Background
Parkinson's disease (PD) is a progressive neurodegenerative disorder marked by motor symptoms such as postural instability. While conventional treatments like levodopa and deep brain stimulation (DBS) can be effective in early stages, they often fail to address axial symptoms in advanced PD. Spinal cord stimulation (SCS) has emerged as a potential alternative, targeting the spinal cord to modulate neural activity and improve motor function. This systematic review aims to evaluate the effectiveness of SCS on motor symptoms in PD.
Methods
This systematic review followed a registered protocol (PROSPERO CRD42021261069) and included studies involving SCS intervention in PD patients. The search was conducted across four electronic databases until December 2023, focusing on terms related to SCS and motor symptoms in PD. Eligible studies included those with SCS applied at any spinal level, irrespective of the intervention duration, and involving outcome variables related to motor symptoms.
Results
The review analyzed 21 studies with approximately 70 patients.
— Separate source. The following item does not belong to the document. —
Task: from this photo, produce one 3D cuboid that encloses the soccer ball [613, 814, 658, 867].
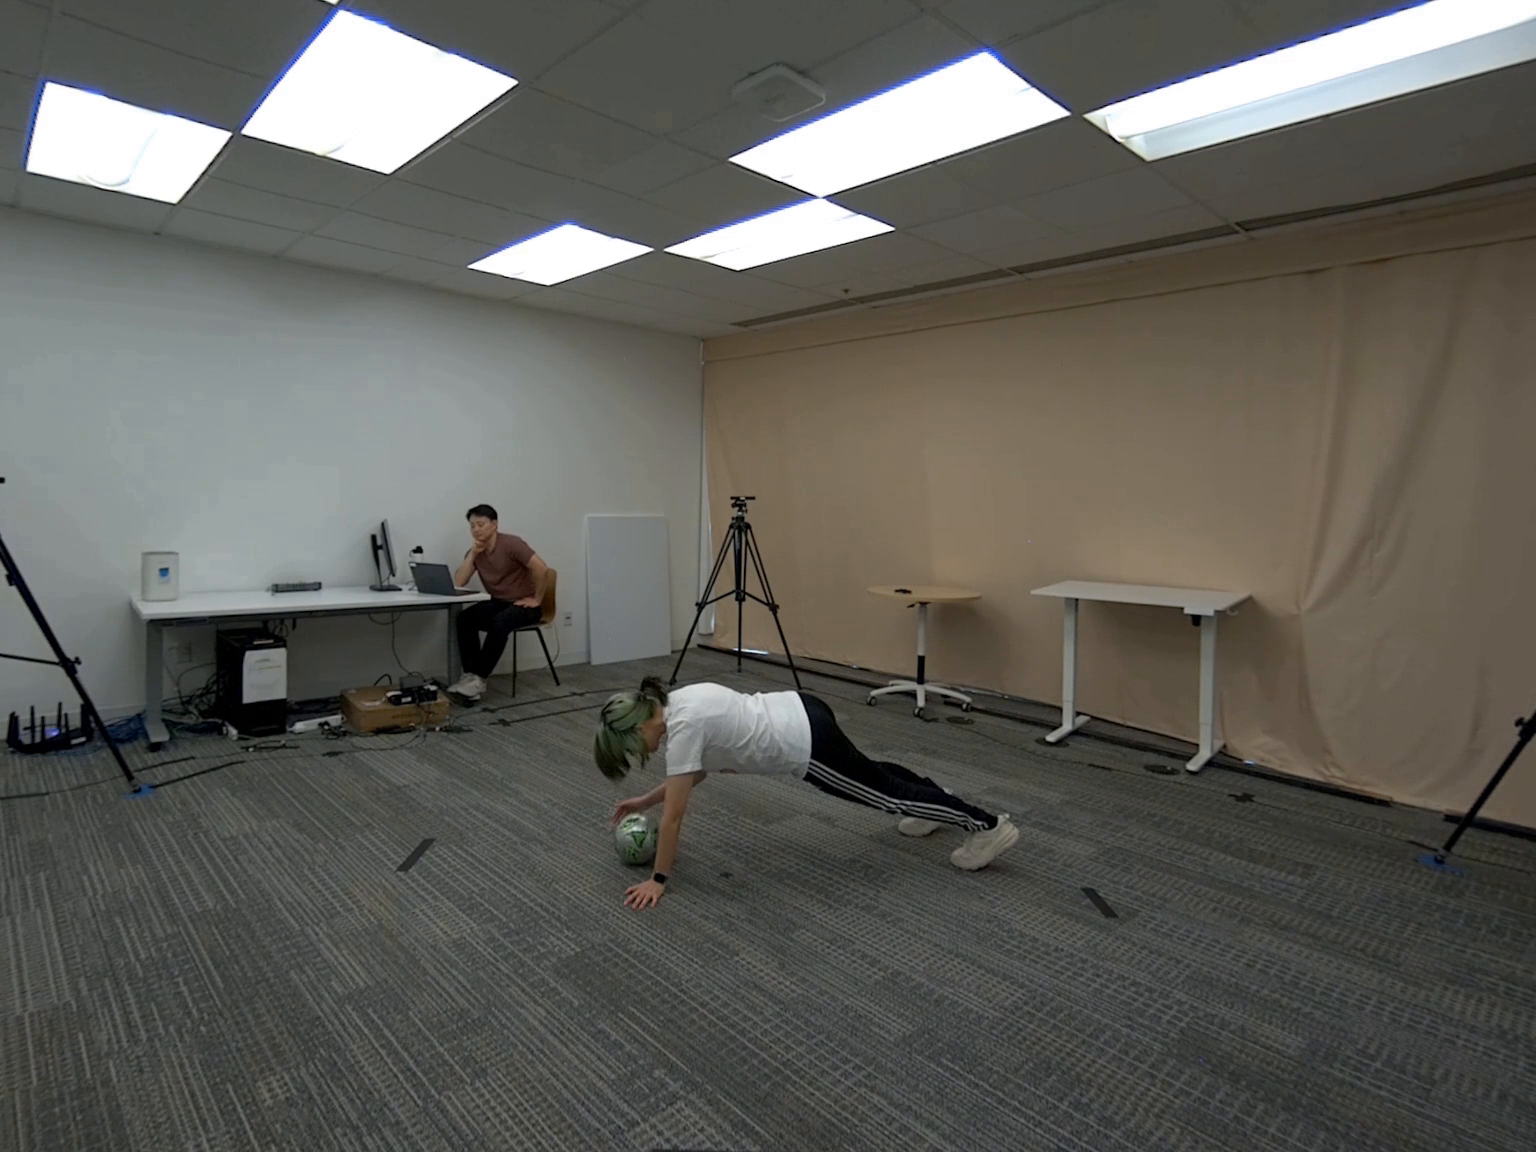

Stimulation parameters varied widely, including different spinal levels, frequencies, pulse widths, and amplitudes. Most studies reported improvements in motor symptoms, particularly in gait and postural stability.
Conclusion
The findings suggest that SCS may offer a promising alternative for managing motor symptoms in PD, especially for those resistant to levodopa and DBS. Despite encouraging results, the variability in outcomes highlights the need for further research to optimize SCS protocols, identify suitable patient profiles, and understand the long-term effects. Larger, well-designed clinical trials are necessary to establish standardized guidelines for using SCS in PD treatment.